I’m gonna break the cycle
I’m gonna shake up the system
I’m gonna destroy my ego
I’m gonna close my body now (not sure what that means)
I think I’ll find another way
There’s so much more to know
I guess I’ll die another day
It’s not my time to go
For every sin, I’ll have to pay
I’ve time to work, I’ve time to play
I think I’ll find another way
It’s not my time to go
For those of you who don’t know my story, read the archives, for the rest of you – could there be a better song? It’s my first competition since breaking my back. I’m so grateful for the rebellious attitude and determination I was blessed with! Thank you God, Thank you God, Thank you God!
Love, gratitude and blessings Susan
Filed under: bodybuilding
April 22, 2007, I competed in the Emerald Cup Bodybuilding championship. It’s been 3 years. Shortly after the Emerald Cup in 2004, I discovered that the cancer I knew I had, was quickly spreading throughout my body. It’s been 3 years of riding the biggest roller coaster of my life. In January of this year, I decided I would continue my treatments, but find something bigger to focus on. Cancer or not, it’s time to live again. I started my pre-contest diet and increased my cardio. February was a rough pre-contest month, but awesome otherwise. I spent the first week in Mexico, sunbathing on the roof every afternoon when my treatments were done. I continued to eat what I needed, both for nourishing my body and competing. Then after an awesome week home with people (and dog) I love, I was off with a friend for the “Ocean of Gratitude” cruise. She paid for everything. Wow!!! What a blessing! I’m sure the food wasn’t organic, but I decided I would eat what I needed and know it would be okay. I had my ozone generator to purify the water, and myself if I needed it (but that’s a different story!) We had workshops every day with spiritual leaders, coaches, and Dr. Emoto who wrote “The Hidden Messages in Water”. I’ve never heard anyone describe the ocean as I saw it. Again, that’s another story, but absolutely amazing how much water is out there. Looking on a globe or map is nothing like being on the open sea, moving for hours, seeing no land, then seeing a bird fly by. So, back to the competition. There was a weight room, a track, and a sauna on board, so I was able to keep up with my goal.

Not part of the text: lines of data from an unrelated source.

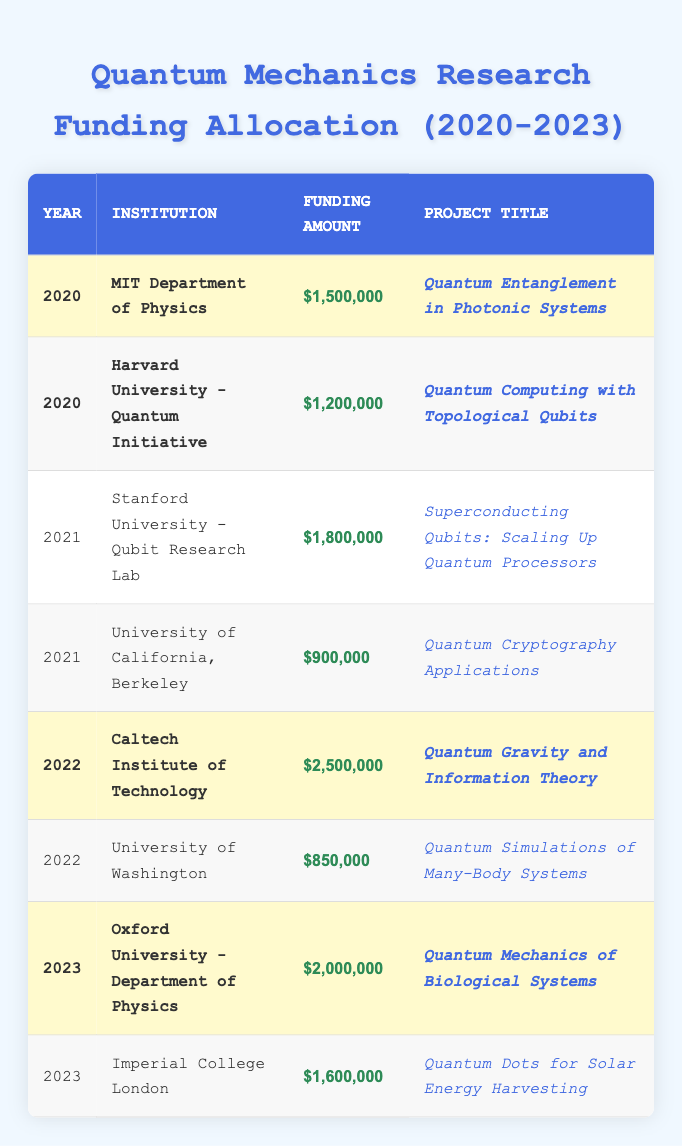What is the highest funding amount for a single project in 2022? The table shows that in 2022, the highest funding amount is $2,500,000 awarded to the Caltech Institute of Technology for the project titled "Quantum Gravity and Information Theory."
Answer: $2,500,000 How many projects received funding in 2020? The table lists two projects in 2020: one from MIT Department of Physics and one from Harvard University - Quantum Initiative, making the total count two.
Answer: 2 What is the average funding amount for the highlighted projects? The highlighted funding amounts are $1,500,000, $1,200,000, $2,500,000, and $2,000,000. Summing these gives $1,500,000 + $1,200,000 + $2,500,000 + $2,000,000 = $7,200,000. There are 4 highlighted projects, so the average is $7,200,000 / 4 = $1,800,000.
Answer: $1,800,000 Did any project in 2021 receive more funding than the highest funded project in 2020? The highest funded project in 2020 received $1,500,000. In 2021, the project at Stanford University received $1,800,000, which is more than this amount, confirming the statement as true.
Answer: Yes What is the total funding amount awarded across all years listed? First, we will sum the funding amounts: $1,500,000 (2020, MIT) + $1,200,000 (2020, Harvard) + $1,800,000 (2021, Stanford) + $900,000 (2021, Berkeley) + $2,500,000 (2022, Caltech) + $850,000 (2022, Washington) + $2,000,000 (2023, Oxford) + $1,600,000 (2023, Imperial) = $12,350,000.
Answer: $12,350,000 Which institution received the second highest funding amount, and what was that amount? The second highest funding amount was $2,000,000 awarded to Oxford University for its 2023 project on "Quantum Mechanics of Biological Systems."
Answer: Oxford University - $2,000,000 In which year did the University of California, Berkeley receive funding, and how much was it? The University of California, Berkeley received funding in 2021, and the amount was $900,000 as indicated in the relevant row.
Answer: 2021 - $900,000 How does the total funding for 2023 compare to the total funding for 2020? Total funding for 2023 is $2,000,000 (Oxford) + $1,600,000 (Imperial) = $3,600,000. Total funding for 2020 is $1,500,000 (MIT) + $1,200,000 (Harvard) = $2,700,000. Since $3,600,000 is greater than $2,700,000, thus 2023 received more funding.
Answer: 2023 had more funding Which project title received the least amount of funding in 2021? The project titled "Quantum Cryptography Applications" at the University of California, Berkeley received the least funding amount of $900,000 in 2021, as highlighted in that entry of the table.
Answer: Quantum Cryptography Applications - $900,000 How much more funding did Caltech Institute of Technology receive compared to MIT Department of Physics in 2022? Caltech received $2,500,000 while MIT received $1,500,000 in 2020. To find the difference: $2,500,000 - $1,500,000 = $1,000,000. Thus, Caltech received $1,000,000 more than MIT received.
Answer: $1,000,000 more Is the funding for quantum gravity projects growing over the years? The only quantum gravity project listed is from 2022 with $2,500,000, and as there are no quantum gravity projects listed in other years, we cannot establish a growth trend based on available data. Therefore, the answer is no.
Answer: No

There are lots of ways to get ready for a competition, and when you find something that works, you usually stick with it. This time would be different. I didn’t do cardio with the intensity I’ve used in the past, I’ve used “fat burners” that now would interfere with the treatments I’m doing to be healthy, and diuretics were out of the question. You never know who else is going to show up, or what they are willing to do to prepare. My main focus was – getting on stage again, looking great and feeling great too. I was probably the healthiest person in the auditorium, even with a hole in my leg. Regardless of thinking I would be okay with whatever the outcome, I was bummed out not making the top 5. I know now, with all of my being, that the accomplishments I’ve made are worlds above the satisfaction of another trophy. Would I have figured that out if I had come home with a trophy? I hope you find the blessings in your “disappointments”.